Instructions for the task - Should the entries contain pictures, leave them out and return exactly the lines from the first through the line holding "11. S11 at marker 1".

Given records -
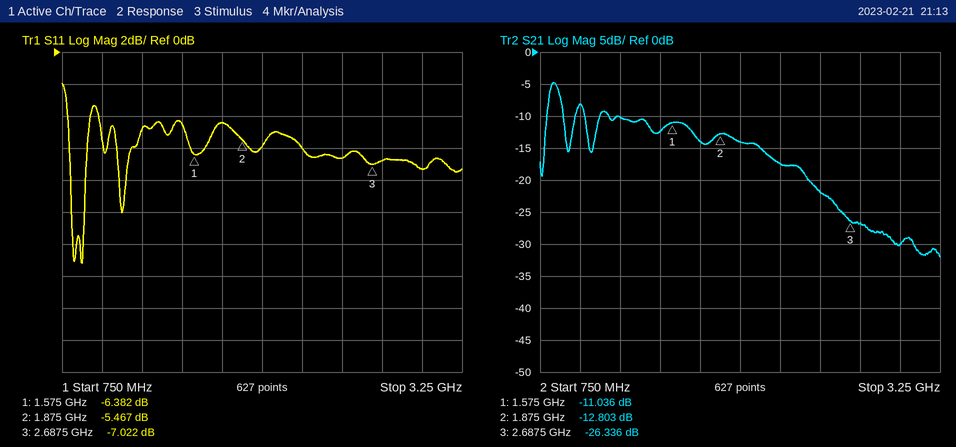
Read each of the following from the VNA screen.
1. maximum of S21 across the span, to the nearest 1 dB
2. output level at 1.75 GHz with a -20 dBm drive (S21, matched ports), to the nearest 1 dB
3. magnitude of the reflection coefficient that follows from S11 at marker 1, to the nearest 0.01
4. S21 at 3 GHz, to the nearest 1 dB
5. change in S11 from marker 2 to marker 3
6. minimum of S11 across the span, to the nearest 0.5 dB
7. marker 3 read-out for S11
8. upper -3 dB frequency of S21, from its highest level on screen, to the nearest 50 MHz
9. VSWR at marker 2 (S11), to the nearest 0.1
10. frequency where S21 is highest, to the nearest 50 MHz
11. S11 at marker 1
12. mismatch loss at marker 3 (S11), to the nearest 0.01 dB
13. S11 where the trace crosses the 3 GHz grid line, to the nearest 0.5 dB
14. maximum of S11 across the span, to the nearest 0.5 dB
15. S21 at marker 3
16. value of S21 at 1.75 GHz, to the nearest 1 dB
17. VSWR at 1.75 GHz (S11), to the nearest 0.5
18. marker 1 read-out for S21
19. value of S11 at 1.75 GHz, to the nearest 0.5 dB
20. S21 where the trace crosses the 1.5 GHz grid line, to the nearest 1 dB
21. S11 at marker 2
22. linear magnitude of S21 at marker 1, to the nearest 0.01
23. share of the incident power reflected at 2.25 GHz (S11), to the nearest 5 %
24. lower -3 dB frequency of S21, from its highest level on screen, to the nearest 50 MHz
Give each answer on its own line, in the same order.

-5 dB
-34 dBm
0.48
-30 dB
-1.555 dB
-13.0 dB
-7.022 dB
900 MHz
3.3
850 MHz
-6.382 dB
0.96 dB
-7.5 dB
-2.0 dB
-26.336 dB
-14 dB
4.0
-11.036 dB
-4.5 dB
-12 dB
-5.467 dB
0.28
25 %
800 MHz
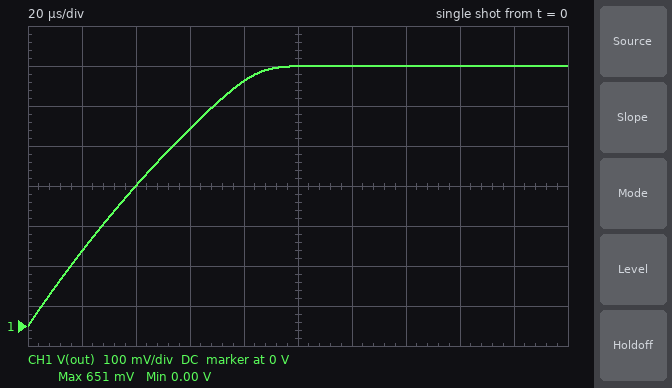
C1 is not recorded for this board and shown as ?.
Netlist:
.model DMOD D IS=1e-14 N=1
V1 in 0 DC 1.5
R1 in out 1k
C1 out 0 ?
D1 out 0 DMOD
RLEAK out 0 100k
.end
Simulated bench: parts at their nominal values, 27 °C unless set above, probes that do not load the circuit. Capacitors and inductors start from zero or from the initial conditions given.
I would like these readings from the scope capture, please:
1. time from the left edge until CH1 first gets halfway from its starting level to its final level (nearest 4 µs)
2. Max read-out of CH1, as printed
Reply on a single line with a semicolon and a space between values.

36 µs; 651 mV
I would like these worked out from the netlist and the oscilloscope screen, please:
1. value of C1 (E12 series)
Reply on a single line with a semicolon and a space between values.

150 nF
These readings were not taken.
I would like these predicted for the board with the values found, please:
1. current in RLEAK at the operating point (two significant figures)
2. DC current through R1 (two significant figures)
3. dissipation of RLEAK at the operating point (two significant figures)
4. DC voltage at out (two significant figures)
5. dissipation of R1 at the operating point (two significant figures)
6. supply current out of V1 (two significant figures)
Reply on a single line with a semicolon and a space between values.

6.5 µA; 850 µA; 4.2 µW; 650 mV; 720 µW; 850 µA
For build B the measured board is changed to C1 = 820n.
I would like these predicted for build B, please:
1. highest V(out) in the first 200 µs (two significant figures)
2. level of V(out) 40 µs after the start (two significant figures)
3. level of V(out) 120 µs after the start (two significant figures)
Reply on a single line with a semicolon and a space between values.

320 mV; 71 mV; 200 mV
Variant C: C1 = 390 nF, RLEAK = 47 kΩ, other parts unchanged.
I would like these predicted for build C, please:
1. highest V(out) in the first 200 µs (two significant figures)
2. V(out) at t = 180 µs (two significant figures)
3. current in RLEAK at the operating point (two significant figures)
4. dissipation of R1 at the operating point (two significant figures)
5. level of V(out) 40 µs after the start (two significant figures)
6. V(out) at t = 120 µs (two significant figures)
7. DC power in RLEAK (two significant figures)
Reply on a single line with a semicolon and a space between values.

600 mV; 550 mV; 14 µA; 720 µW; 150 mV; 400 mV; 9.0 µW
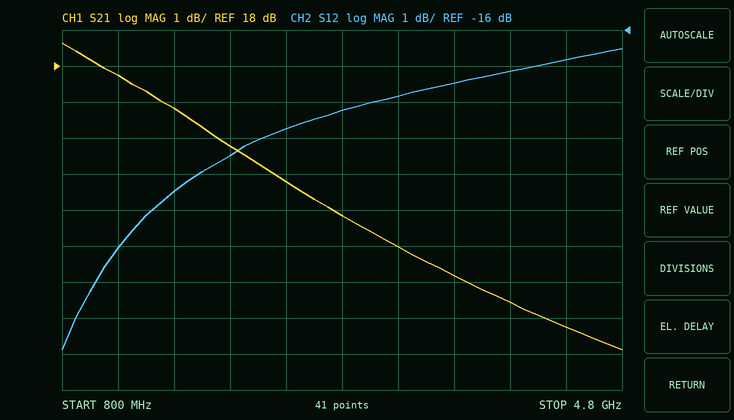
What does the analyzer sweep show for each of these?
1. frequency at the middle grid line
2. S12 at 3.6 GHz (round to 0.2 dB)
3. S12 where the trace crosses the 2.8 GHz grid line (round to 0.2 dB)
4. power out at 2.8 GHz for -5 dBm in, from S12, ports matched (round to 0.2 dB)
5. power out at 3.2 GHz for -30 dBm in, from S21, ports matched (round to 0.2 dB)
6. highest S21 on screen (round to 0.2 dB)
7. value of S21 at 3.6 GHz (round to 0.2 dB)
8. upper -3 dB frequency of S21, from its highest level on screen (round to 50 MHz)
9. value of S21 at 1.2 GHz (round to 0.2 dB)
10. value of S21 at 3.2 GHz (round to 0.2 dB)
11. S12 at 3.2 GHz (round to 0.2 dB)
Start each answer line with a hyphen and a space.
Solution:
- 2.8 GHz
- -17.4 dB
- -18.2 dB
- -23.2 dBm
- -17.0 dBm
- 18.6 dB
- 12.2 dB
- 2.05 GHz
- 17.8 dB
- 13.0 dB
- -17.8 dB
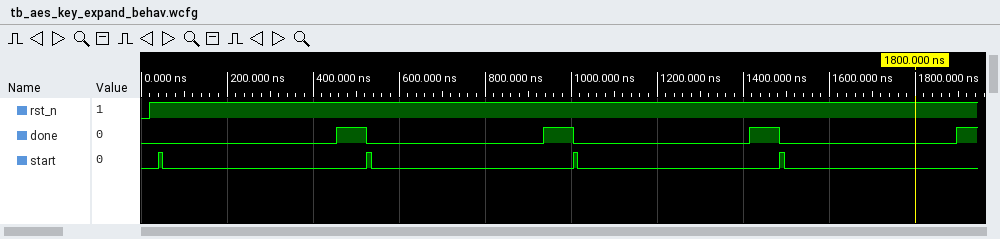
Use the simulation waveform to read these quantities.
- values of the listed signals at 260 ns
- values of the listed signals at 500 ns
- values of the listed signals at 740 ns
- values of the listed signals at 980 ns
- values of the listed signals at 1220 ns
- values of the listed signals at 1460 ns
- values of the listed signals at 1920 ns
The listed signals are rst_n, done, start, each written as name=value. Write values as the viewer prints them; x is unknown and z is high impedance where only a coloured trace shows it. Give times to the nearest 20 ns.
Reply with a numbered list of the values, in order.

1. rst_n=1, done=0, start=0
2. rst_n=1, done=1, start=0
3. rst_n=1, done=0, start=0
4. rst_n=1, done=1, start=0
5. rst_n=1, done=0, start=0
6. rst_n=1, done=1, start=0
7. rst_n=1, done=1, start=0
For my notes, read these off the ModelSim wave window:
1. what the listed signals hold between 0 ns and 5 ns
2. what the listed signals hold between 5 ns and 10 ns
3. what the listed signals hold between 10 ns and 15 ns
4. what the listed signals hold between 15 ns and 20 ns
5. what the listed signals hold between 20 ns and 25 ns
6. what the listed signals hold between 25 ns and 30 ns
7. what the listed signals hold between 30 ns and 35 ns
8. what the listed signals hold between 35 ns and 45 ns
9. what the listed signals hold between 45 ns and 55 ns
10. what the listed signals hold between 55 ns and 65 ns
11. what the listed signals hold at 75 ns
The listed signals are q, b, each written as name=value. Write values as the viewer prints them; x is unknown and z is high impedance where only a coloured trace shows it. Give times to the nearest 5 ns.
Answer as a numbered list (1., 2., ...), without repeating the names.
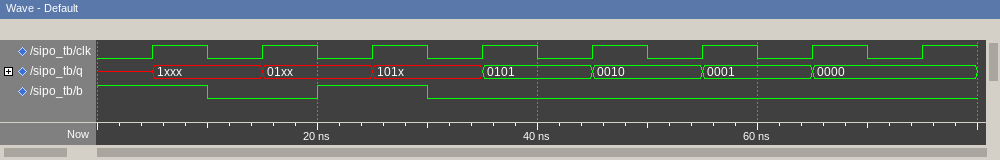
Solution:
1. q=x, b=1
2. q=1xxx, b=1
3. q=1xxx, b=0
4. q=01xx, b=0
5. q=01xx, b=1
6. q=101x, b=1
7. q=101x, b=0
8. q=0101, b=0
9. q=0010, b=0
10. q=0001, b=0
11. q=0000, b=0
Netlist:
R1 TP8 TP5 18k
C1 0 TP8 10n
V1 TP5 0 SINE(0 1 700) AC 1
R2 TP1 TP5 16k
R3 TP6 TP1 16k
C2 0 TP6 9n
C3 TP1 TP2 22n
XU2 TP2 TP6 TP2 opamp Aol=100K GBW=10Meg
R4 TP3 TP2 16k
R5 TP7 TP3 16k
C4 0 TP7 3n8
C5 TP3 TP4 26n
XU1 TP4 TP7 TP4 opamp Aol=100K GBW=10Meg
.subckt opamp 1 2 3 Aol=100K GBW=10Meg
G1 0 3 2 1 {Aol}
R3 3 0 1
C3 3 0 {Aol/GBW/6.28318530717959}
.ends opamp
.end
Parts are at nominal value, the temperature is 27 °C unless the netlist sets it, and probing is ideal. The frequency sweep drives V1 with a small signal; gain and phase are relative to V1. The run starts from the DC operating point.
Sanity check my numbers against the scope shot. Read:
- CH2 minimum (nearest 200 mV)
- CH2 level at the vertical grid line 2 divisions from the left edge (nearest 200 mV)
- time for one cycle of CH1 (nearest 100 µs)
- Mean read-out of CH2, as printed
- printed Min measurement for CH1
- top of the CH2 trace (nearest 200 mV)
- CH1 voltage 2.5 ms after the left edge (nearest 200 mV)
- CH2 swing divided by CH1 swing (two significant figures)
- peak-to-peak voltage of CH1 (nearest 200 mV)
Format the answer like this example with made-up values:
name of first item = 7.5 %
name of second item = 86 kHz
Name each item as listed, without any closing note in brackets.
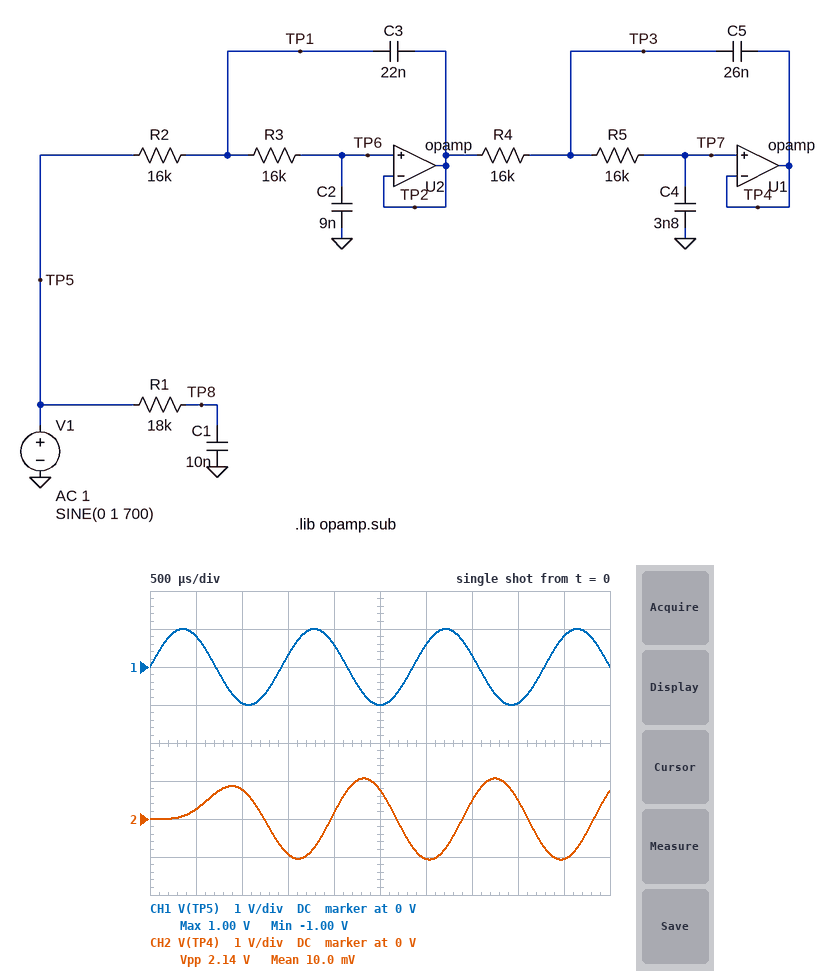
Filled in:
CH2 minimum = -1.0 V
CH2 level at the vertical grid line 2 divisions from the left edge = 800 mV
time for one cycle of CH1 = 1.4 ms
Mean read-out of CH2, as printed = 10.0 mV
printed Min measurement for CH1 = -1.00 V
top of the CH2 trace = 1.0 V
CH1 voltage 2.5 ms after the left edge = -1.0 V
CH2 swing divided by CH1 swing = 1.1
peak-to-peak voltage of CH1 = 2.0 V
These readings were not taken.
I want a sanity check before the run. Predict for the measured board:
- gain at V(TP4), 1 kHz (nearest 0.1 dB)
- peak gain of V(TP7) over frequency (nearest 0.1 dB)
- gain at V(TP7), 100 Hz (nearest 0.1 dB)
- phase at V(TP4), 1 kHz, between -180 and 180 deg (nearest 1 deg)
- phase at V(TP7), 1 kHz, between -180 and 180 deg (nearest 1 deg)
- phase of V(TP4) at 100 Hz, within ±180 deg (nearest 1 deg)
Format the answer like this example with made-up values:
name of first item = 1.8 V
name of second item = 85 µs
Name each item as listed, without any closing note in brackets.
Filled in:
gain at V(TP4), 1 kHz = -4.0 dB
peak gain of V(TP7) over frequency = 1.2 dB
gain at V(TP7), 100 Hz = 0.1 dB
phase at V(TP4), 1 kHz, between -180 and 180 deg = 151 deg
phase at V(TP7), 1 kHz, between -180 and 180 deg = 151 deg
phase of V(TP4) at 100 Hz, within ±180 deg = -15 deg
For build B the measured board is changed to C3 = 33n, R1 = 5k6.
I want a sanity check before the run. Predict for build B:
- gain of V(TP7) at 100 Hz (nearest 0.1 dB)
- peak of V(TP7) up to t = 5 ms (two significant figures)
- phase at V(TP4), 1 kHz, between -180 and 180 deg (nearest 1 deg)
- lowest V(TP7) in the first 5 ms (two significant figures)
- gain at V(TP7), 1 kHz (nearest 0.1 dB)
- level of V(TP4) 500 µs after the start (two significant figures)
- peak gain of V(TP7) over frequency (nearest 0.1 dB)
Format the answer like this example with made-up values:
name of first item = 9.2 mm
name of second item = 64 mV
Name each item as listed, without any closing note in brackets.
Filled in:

Answer box -
Read each of the following from the VNA screen.
1. maximum of S21 across the span, to the nearest 1 dB
2. output level at 1.75 GHz with a -20 dBm drive (S21, matched ports), to the nearest 1 dB
3. magnitude of the reflection coefficient that follows from S11 at marker 1, to the nearest 0.01
4. S21 at 3 GHz, to the nearest 1 dB
5. change in S11 from marker 2 to marker 3
6. minimum of S11 across the span, to the nearest 0.5 dB
7. marker 3 read-out for S11
8. upper -3 dB frequency of S21, from its highest level on screen, to the nearest 50 MHz
9. VSWR at marker 2 (S11), to the nearest 0.1
10. frequency where S21 is highest, to the nearest 50 MHz
11. S11 at marker 1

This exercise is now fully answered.